Another great episode. The staggering 10 paces reminded my daughter of Pirates of the Caribbean.
I might have missed the last minute, was there anything after the “Sigh, that’s not me. My Name is Dotty”?
Jim
It’s just so cluelessly sweet Crabmanish for him to be in the witness protection program but still be in such complete contact with his family that he lived with his Gramma and everybody showed up for his wedding. “Unclear on the concept–ANY concept” can be used to describe most people on that show.
Unfortunately not, just the credits.
Thank you.
PS- I still subscribe to a listserv from the grad school where I got my Masters in Library Science (MLS). A lot of librarians are extremely easily offended about stereotypes. (“HEY! We’re not just a bunch of old women with hairbuns and no fashion sense! We’re also middle aged women with hairbuns and no fashion sense, and gay men!”) There’s of course a message today from one of the “MLS-holders Offended About Nearly Everything Remotely Sensitive” (MOANERS) with NBC’s address asking us to protest this.
Sigh… GET A LIFE PEOPLE! And actually a couple of the coolest people I’ve known in the profession have been Dotty-like. They may be old and frumpy but they can surf the net with the best of 'em, refer patrons to books on anything from Satanic ritual to anal eroticism without getting even the lightest pink tinge of embarassment or judgmental, and they often have ribald senses of humor when you know 'em in private.
I thought Dotty was funny. She seems like the type of person who would work in a library (and I don’t mean that in a bad way). And I liked the fact that the show poked fun at the old “boring, stuffy old librarian becomes sexy without her glasses and letting her hair down” stereotype- I think librarians would be happy that this was being satirized more than anything else.

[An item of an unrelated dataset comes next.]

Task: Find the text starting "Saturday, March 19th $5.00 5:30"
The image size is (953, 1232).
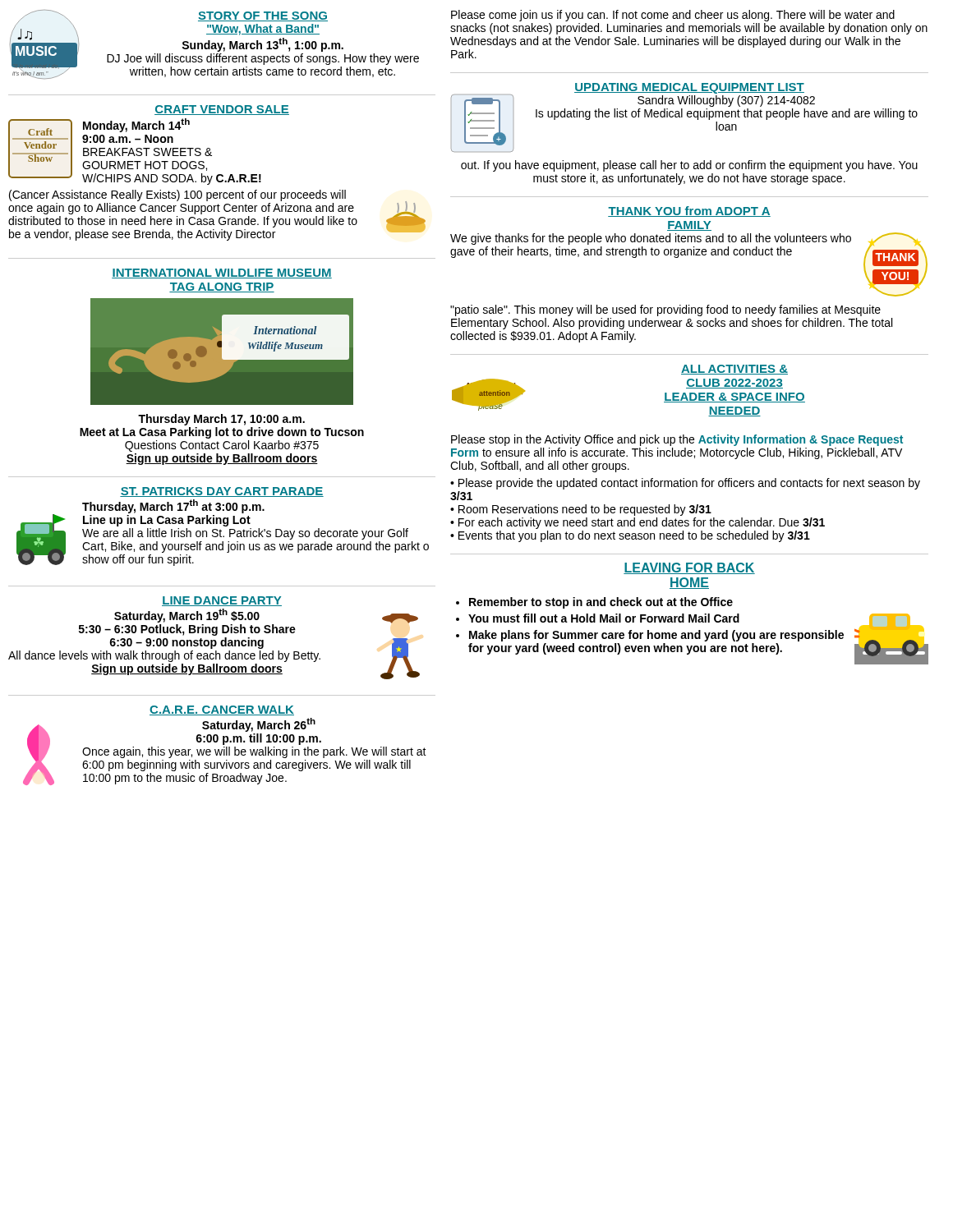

One other memorable moment: Joy’s beatific expression as Earl stumbles his way through saying Grace before dinner.
Og I love this show!!!
Out of curiosity, a poll for straight male (or gay female) Dopers: Joy or Catalina?
If I were straight I’m pretty sure it’d be Joy for me.
Catalina for me.
Apologies for the hijack, but on New Year’s Eve I was in, oddly enough, a bowling alley at midnight. The first song played after Auld Lang Syne was House of Pain’s JUMP AROUND and I and at least two dozen other drunks immediately started doing Catalina’s “dance” from Club Chubby. (Warning: don’t do that for very long when drunk and holding a 14 pound ball- you’ll regret it the next morning.)
The characters or the actresses?
Both characters are great looking and both have some major flaws. I find Catalina better looking than Joy and she has a nicer personality. So Catalina.
I read that last line as “often have ribald senses of humor when you show 'em your privates”.
I’ve said before that I was losing enthusiasm for this show. But they reeled me back in by featuring Social D as background music! Can’t recall ever hearing them on commercial TV before. Snap!
Yes, please!
Suggested replies for Sampiro’s MOANERS:
I’d really like to, but I already wrote them about the Circus People one.
I’d really like to, but I admire their research on trailer park denizens too much.
Catalina, hands down. Better looking, and a MUCH better personality.
Actually what made that quote even funnier was that he called the silverware “famous” (like Webster) not a “big item.”
Good call, tho!
The “C for silverware” one…I laughed out loud and said “HA! C for silverware!” to my dog. She didn’t get it.
Coin flip. Whoever would do me first.